The RF classification was completed using the EnMap add-on for ENVI 5.0, and the rest of the processing was done using ArcMap 10.2. The geoprocessing environments were set up in ArcMap such that all of the evidence maps created were clipped to the extents of the study area defined above (Fig. 1). Additionally, each evidence raster map was created with a cell size of 400 meters. This cell size was chosen because it creates a sufficient number of cells within the study area (183,599) and it nearly matches the size of a single mining claim unit in Nunavut (1500 ft., 457.2 m).

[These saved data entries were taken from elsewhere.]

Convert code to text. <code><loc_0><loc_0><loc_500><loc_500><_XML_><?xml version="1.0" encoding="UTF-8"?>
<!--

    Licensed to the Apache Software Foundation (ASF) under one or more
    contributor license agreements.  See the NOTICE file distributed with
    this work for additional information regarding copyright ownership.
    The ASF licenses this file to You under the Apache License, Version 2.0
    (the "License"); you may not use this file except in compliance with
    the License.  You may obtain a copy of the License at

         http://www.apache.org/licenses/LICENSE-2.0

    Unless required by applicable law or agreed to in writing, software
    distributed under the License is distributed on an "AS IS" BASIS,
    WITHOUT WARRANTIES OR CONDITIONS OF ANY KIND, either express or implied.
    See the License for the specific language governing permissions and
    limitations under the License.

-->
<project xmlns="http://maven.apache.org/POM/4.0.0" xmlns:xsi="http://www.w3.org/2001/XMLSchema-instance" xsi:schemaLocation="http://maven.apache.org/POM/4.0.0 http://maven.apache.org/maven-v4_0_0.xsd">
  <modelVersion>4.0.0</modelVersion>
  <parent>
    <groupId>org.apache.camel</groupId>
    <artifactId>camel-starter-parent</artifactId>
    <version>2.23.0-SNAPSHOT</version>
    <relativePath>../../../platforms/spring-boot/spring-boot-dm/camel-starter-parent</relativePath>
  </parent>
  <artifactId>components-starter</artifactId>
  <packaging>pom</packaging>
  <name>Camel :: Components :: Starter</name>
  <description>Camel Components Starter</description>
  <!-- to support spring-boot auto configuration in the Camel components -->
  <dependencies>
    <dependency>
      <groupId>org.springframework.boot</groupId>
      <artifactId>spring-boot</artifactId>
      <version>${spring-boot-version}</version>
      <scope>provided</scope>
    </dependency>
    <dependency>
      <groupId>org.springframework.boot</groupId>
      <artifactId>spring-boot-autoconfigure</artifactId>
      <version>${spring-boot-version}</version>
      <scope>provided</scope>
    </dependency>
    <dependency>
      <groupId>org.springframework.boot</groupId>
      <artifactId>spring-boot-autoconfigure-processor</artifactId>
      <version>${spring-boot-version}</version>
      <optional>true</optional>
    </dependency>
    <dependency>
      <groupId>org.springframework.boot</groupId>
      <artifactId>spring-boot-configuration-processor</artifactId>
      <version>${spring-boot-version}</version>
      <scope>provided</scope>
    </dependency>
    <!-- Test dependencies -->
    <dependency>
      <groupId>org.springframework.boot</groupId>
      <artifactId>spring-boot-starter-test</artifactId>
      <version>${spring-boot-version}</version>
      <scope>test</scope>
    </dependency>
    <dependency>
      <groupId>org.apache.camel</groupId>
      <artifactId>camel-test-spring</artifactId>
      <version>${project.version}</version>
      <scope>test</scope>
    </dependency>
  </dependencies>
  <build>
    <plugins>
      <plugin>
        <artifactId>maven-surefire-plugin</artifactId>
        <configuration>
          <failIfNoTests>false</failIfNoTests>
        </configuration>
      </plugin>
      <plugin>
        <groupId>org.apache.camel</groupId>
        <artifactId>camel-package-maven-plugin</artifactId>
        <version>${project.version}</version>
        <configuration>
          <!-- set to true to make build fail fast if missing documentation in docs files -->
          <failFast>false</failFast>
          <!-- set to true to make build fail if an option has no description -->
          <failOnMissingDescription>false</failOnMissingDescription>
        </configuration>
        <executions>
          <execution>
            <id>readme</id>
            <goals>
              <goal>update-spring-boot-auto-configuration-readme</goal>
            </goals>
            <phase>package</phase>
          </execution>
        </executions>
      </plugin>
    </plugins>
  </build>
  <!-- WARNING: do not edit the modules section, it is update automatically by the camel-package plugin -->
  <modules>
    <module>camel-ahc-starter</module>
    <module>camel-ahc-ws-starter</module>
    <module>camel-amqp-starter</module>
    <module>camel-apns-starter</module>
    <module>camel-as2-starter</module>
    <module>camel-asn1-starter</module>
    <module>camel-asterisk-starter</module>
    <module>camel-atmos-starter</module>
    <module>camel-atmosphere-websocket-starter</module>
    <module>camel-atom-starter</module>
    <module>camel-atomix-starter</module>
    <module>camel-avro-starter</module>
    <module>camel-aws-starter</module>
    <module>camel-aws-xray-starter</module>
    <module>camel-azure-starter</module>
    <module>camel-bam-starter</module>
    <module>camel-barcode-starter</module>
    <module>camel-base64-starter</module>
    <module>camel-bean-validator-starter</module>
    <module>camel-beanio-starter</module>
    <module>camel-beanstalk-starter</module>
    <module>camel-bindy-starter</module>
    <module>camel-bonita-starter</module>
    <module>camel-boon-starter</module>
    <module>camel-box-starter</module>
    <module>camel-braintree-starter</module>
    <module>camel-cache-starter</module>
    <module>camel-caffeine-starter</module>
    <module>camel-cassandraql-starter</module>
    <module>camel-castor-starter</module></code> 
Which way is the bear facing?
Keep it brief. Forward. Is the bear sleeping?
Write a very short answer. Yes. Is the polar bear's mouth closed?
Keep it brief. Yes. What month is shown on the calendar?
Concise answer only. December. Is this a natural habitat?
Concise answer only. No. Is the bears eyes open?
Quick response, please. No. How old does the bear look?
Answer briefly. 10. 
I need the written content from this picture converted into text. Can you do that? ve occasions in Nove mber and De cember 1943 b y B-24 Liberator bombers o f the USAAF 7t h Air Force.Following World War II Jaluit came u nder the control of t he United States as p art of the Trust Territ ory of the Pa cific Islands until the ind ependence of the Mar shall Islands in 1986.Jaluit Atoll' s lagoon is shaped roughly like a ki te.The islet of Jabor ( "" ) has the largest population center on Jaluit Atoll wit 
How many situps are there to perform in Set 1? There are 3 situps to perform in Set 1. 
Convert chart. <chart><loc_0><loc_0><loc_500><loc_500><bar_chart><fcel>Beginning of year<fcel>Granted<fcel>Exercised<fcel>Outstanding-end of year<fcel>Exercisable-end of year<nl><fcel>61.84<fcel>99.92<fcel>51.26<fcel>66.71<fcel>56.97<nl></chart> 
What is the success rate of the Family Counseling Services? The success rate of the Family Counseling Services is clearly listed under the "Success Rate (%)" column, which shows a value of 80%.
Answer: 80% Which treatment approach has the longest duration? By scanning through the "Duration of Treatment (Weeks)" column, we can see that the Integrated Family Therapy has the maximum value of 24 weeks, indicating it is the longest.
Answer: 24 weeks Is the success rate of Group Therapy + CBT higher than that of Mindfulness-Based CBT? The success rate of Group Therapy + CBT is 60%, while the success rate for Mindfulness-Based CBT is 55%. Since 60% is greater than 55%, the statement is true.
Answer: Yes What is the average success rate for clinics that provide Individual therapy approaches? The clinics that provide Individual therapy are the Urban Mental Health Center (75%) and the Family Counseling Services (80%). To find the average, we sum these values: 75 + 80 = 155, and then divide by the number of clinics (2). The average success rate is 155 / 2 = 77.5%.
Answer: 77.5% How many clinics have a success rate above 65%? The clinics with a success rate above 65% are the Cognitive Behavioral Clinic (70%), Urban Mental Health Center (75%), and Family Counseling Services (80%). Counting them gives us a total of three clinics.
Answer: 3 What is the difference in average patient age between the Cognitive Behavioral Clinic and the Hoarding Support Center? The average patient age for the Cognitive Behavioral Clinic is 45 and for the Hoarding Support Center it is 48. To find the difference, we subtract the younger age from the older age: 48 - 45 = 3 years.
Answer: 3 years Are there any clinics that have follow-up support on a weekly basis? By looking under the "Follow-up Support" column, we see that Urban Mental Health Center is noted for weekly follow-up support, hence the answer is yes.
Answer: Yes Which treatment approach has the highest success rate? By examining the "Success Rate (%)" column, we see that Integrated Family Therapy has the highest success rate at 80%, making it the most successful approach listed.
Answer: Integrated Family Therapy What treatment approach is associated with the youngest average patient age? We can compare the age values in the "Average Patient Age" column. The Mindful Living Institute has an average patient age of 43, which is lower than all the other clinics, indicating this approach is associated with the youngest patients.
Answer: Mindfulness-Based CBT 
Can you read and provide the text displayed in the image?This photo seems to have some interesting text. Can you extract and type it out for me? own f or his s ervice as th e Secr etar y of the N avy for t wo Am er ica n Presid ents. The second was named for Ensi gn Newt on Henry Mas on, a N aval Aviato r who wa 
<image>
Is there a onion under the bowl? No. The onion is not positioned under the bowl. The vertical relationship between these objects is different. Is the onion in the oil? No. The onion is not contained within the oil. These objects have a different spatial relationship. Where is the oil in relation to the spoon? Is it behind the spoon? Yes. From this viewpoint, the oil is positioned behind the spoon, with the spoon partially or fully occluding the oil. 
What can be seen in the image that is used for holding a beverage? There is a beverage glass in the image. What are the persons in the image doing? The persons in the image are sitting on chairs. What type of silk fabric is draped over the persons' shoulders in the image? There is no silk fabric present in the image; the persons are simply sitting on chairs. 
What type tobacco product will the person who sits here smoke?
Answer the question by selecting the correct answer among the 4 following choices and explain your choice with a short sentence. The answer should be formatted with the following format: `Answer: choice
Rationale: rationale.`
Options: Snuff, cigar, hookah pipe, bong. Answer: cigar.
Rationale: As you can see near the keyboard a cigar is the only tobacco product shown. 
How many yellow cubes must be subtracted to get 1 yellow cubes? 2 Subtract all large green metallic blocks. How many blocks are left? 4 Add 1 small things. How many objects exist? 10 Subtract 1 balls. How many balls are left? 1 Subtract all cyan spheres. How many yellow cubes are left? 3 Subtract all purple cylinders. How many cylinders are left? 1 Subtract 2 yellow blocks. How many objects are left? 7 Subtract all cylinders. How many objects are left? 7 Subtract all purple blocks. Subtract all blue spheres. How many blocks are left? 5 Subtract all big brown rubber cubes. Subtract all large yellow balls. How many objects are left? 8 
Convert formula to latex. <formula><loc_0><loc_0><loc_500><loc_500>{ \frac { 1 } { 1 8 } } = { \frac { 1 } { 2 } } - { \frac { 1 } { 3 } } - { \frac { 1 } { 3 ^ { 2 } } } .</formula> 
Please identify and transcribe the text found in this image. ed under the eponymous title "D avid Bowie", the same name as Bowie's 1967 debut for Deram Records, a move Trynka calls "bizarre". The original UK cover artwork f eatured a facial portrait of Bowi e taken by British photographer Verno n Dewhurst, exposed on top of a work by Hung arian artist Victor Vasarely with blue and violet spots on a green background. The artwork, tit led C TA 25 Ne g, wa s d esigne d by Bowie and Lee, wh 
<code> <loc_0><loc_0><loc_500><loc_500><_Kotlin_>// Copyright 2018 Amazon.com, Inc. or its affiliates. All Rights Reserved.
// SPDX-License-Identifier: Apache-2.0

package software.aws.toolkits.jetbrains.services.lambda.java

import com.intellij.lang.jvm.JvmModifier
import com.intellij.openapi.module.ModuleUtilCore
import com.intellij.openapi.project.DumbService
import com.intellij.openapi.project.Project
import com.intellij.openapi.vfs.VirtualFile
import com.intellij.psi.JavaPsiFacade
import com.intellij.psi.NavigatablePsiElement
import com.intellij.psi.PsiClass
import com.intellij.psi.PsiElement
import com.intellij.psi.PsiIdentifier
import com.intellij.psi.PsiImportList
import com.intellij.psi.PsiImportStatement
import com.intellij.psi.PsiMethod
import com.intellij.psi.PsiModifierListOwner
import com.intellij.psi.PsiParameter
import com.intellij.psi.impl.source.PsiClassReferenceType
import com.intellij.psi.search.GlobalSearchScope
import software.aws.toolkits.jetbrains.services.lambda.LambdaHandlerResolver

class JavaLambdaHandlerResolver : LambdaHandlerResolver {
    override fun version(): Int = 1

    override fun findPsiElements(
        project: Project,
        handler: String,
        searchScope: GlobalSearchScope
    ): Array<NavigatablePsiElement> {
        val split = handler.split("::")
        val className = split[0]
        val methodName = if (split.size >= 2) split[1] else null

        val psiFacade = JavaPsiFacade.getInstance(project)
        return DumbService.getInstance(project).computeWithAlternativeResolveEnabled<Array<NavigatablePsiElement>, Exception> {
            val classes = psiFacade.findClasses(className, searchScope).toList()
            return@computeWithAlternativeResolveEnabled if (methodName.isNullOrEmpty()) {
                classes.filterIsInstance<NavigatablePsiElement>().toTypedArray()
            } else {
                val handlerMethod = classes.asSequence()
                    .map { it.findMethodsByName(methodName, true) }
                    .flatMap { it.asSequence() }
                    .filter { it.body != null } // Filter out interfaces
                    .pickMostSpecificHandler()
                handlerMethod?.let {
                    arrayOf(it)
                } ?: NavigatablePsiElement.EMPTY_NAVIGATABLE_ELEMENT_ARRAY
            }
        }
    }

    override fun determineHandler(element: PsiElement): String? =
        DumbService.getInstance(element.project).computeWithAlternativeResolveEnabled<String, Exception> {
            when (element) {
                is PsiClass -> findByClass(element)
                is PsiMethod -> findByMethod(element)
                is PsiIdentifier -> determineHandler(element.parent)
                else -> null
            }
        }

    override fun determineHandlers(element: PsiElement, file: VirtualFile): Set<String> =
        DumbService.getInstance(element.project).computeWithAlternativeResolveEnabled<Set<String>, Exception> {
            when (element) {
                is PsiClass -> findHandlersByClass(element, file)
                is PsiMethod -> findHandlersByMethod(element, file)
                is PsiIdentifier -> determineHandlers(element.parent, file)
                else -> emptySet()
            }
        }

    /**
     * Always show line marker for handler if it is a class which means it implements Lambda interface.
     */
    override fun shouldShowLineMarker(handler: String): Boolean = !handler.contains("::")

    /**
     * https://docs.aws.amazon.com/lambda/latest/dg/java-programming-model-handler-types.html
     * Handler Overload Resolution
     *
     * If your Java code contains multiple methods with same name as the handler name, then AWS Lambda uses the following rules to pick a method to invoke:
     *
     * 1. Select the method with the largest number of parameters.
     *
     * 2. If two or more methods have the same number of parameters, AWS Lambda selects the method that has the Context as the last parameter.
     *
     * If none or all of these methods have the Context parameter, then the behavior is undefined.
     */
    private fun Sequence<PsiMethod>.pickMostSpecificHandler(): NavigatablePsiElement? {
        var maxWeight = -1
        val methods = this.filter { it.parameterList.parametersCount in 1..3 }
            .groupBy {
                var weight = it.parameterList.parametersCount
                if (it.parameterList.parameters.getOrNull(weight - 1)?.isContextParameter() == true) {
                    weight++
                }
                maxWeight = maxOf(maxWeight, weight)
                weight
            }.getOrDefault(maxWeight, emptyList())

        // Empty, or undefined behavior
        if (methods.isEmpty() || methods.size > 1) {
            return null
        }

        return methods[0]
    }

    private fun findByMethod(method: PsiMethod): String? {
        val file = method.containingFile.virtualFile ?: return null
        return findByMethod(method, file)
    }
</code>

A fuzzy evidence map is created for each dataset used in the analysis. Fuzzification is defined by Carranza (2009a, b) as the process of converting individual sets of spatial evidence into fuzzy sets. A fuzzy set is defined as a collection of objects whose grades of membership in that set range from complete (=1) to incomplete (=0). The grade of membership of a fuzzy set is defined using one of several mathematical functions, the most common of which are linear, small, large, MS small, MS large, and near (Fig. 3). Each evidence map in this paper was fuzzified using either a linear function (where there is a linear relationship between the input and output values, e.g., geochemical data, faults) or a near function (where the maximum value of an output is at a specific value of the input, and output values taper-off away from that input value, e.g., form lines, geology). The lake mask was binary in format. In this case, the evidence maps were fuzzified (based on geologic and exploration knowledge) in order to normalize each evidence map so as not to assume a higher importance of one evidence map over another.

Table 1 presents the evidence maps and masks used for both the RF and KD Au prospectivity maps. The evidence maps comprised 10 lake sediment interpolated, and fuzzified maps, two structural maps (fuzzy fault and form lines) and a fuzzy geology map, creating 13 evidence maps for the RF and KD prospectivity mapping. However, as described below, we combined the geochemical, structural, and lithological data into three evidence maps to produce the KD prospectivity map.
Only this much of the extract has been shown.